Parmi ces entreprises, le fonds Africa50 de la BAD, dont le directeur général, Alain Ebobissé, est venu partager son expérience marocaine. Le Camerounais a rappelé que lors du lancement de ce fonds panafricain dédié aux infrastructures, il a reçu des propositions de plusieurs pays du continent. Si la proposition marocaine l’a emporté, a-t-il relaté, c’est grâce à son infrastructure : « Avec ses 1 800 km d’autoroutes, des ports et des aéroports, la vie des entreprises est facilitée », a estimé le patron du fonds détenu par 27 pays africains, qui espère voir un jour émerger des champions africains avec des capitaux venus de l’ensemble du continent.

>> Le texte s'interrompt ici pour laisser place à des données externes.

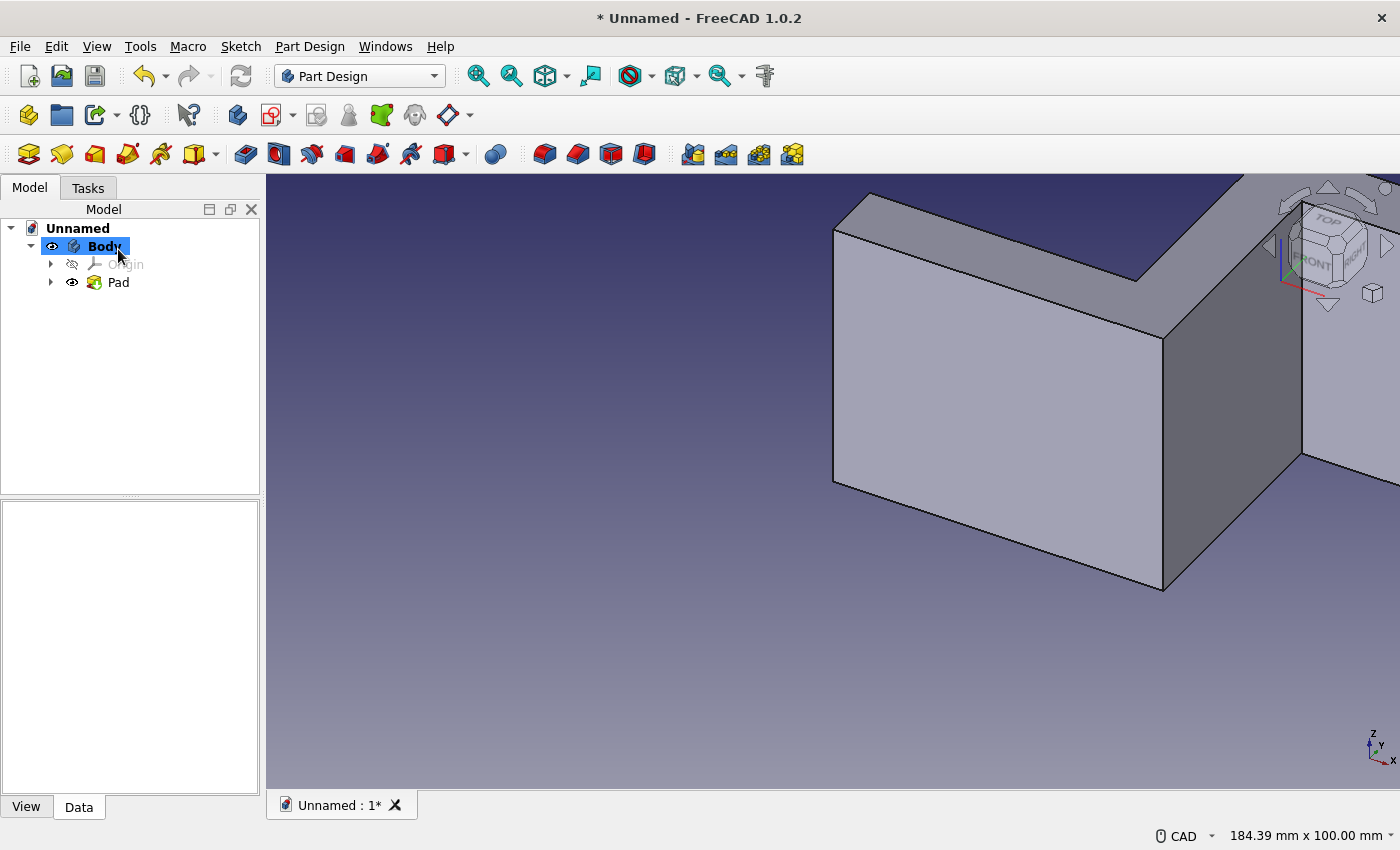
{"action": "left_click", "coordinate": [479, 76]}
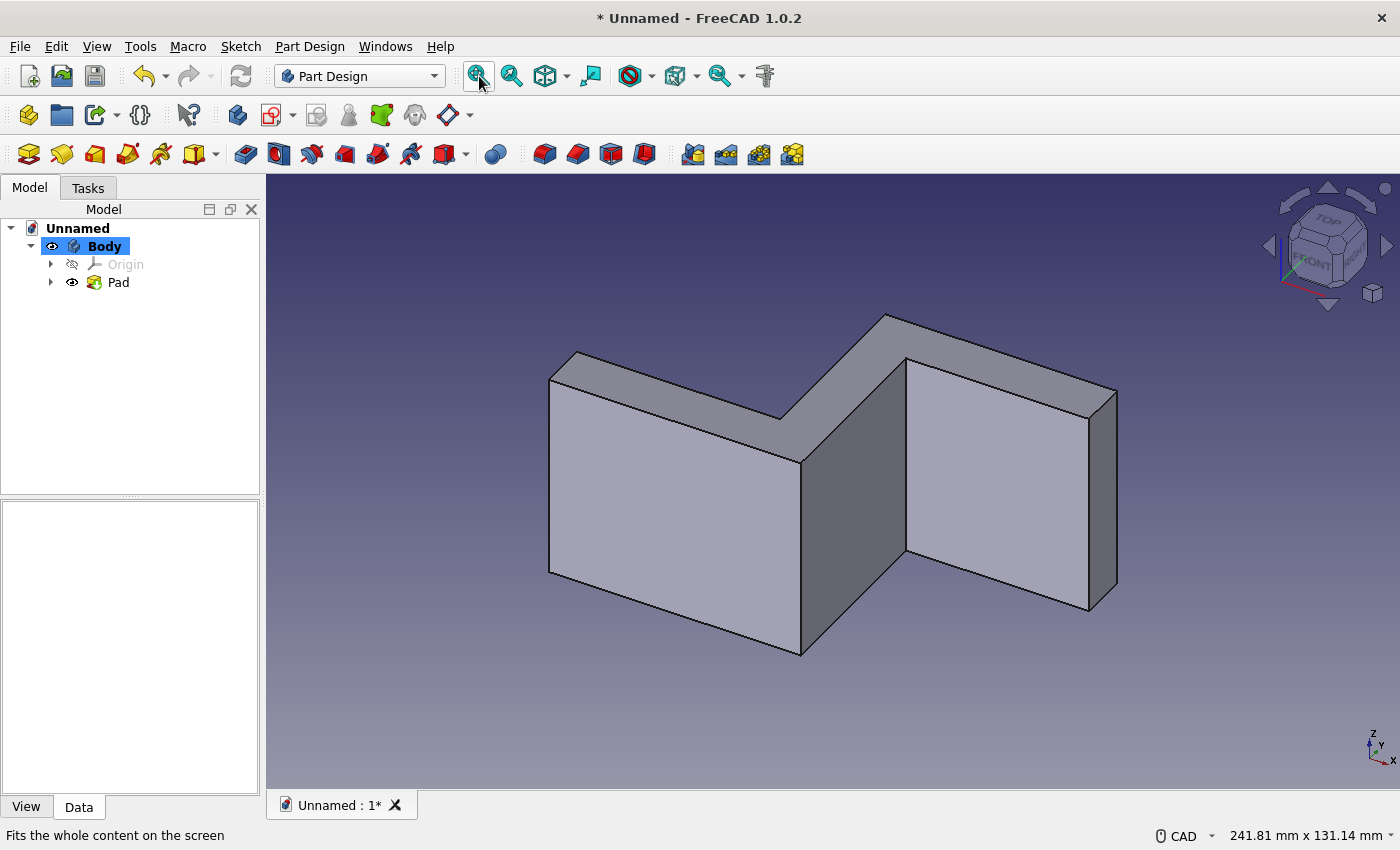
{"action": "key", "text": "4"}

Le top 30 du classement Doing Business en ligne de mire

De son côté, Salaheddine Mezouar, le président de la CGEM – l’organisation patronale marocaine -, a promis de prêter main-forte aux investisseurs désireux de s’installer au Maroc. « Le secteur privé marocain fera ce qu’il faut pour créer les bonnes conditions afin de créer des partenariats gagnant-gagnant », a-t-il assuré. La CGEM n’hésitera pas, selon son président, à exercer la pression nécessaire pour accélérer et activer les aménagements indispensables, que ça soit d’un point de vue fiscal, législatif ou même pour préparer les infrastructures manquantes.

En dix années, la place du Maroc dans le classement Doing business a progressé de plus de 50 places, pour atteindre 60e rang en 2018. Pour Saïd Ibrahimi, il faut faire davantage et viser plus haut. « Figurer dans le top 30 du classement rendra le royaume bien plus compétitif », ajoute-t-il.